In MQL, we can do this:

```mql
db.movies.aggregate([
	{$match: {"num_mflix_comments":{$gt: 0}}}, 
	{$lookup: {"from": "comments", "localField": "_id", "foreignField": "movie_id", "as": "comments"}}, 
	{$limit: 10}
])}
```

In MQL we also do this to do JOIN-like operations

This converts a "students" table into an "assignments" table:

```mql
db.grades.aggregate([{$unwind: "$scores"}])
```

This converts a "students" table into a "classes" table:

```mql
db.grades.aggregate([
    {$group: {"_id": "$class_id", "students": {$push: "$$ROOT"}}},
    {$limit: 1}
])
```


### 4. Data Modeling Philosophy Behind MongoDB



**Performance and scalability are preferred over storage efficiency and perfect data integrity.**



- Flexible document structure instead of rigid schema constraints. 
  - If a document doesn't have a field, that's fine.

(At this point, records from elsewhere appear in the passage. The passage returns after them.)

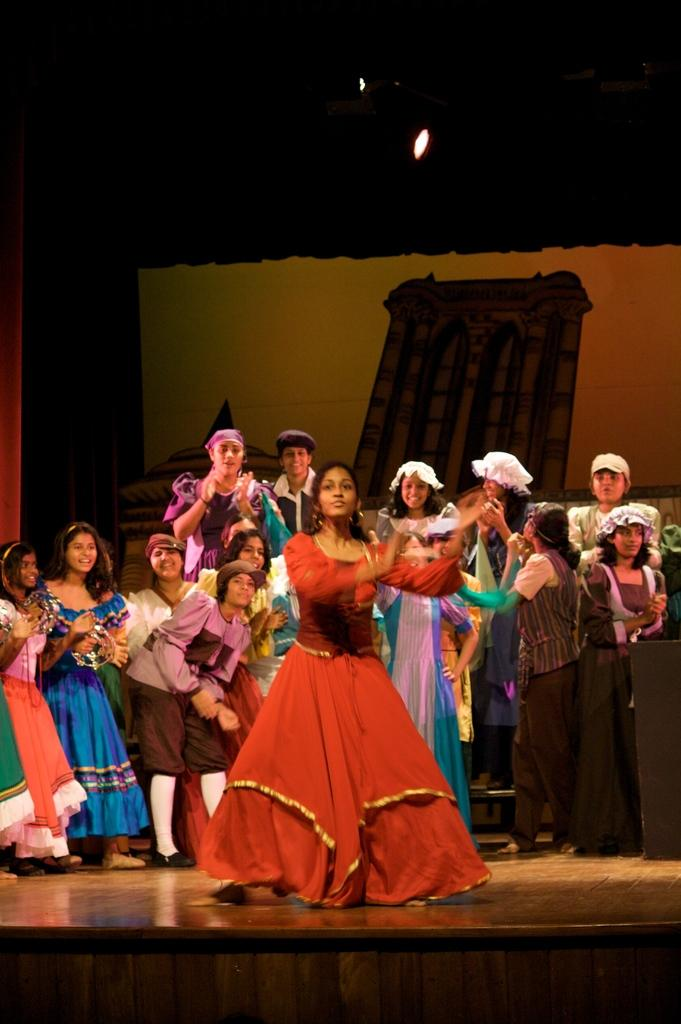What is the main subject in the foreground of the image? There is a girl in the foreground of the image. What is the girl doing in the image? The girl appears to be dancing. Are there any other people visible in the image? Yes, there are people standing behind the girl. What can be seen in the background of the image? There is an object and a spotlight in the background of the image. What type of organization is the girl a part of in the image? There is no information in the image to suggest that the girl is a part of any organization. Does the girl have a crush on anyone in the image? There is no information in the image to suggest that the girl has a crush on anyone. 
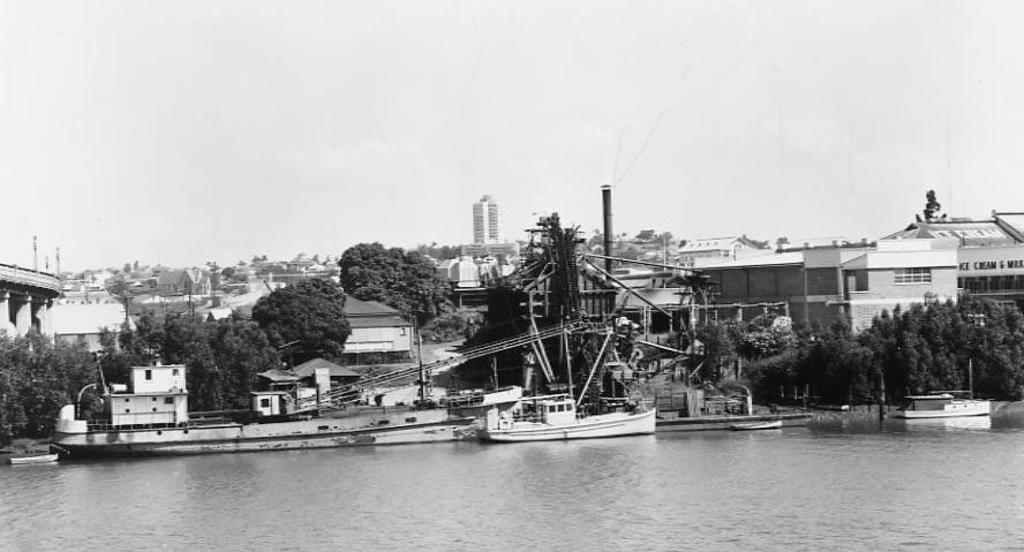In one or two sentences, can you explain what this image depicts? This is a black and white image. In the image we can see there are boats in the water. There are even trees and buildings and a sky. 
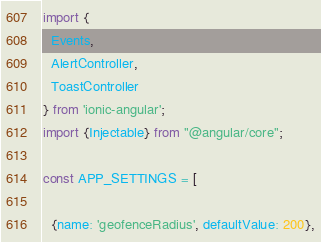Convert code to text. <code><loc_0><loc_0><loc_500><loc_500><_TypeScript_>import {
  Events,
  AlertController,
  ToastController
} from 'ionic-angular';
import {Injectable} from "@angular/core";

const APP_SETTINGS = [

  {name: 'geofenceRadius', defaultValue: 200},</code> 
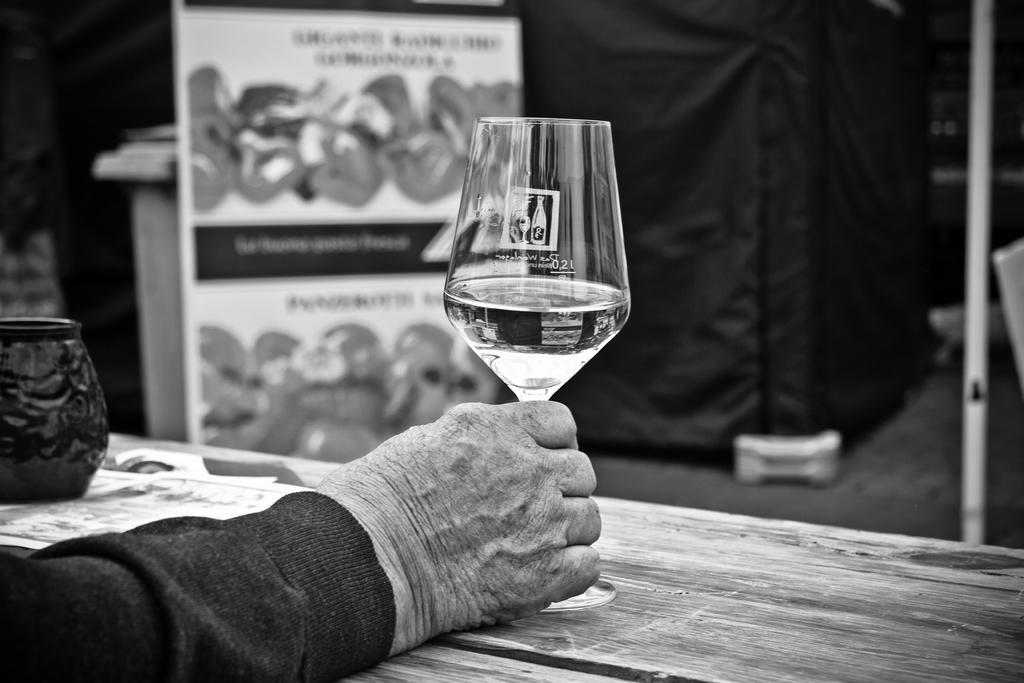Could you give a brief overview of what you see in this image? A person is holding a glass. Bottom right side of the image there is a table. At the top of the image there is a banner.

No need for NULLs.



- "Data that is read together should be stored together". 
  - This means that we default to non-normalized data. **Embedded documents and arrays are preferred to joining tables.**



#### Why?

Relational databases are very good for (at least) two things:
- Storage efficiency (as duplicated data is avoided)
- Data consistency (as duplicate data is avoided and strict constraints are enforced)
  


But, because of this, they are bad for some other things:
- Performance (especially if joins are necessary)
- Flexibility and scalability (because schema constraints are strict for ALL ROWS in a table, and therefore any desired change implies a full migration)



**In this tradeoff, MongoDB takes the opposite approach of relational databases.**

This is popular today because storage is cheap, but developer time and bad user experience are expensive!

### 4. Bonus: How does MongoDB feel for Data Science work?



I'm not sure.



Is MQL easier than SQL? I don't know. It seems like a matter of taste.



Does the lack of data normalization make it easier or harder to understand data?


- On one hand, in relational databases, you are stuck with having to do many joins in EDA, and you often end up with ugly things like columns with 99% nulls.


- On the other hand, in MongoDB, you have little guarantees of what your data will look like. This sounds easy to mismanage, which could result in incomprehensible datasets full of atypical stuff.



What's your feeling? What's your experience?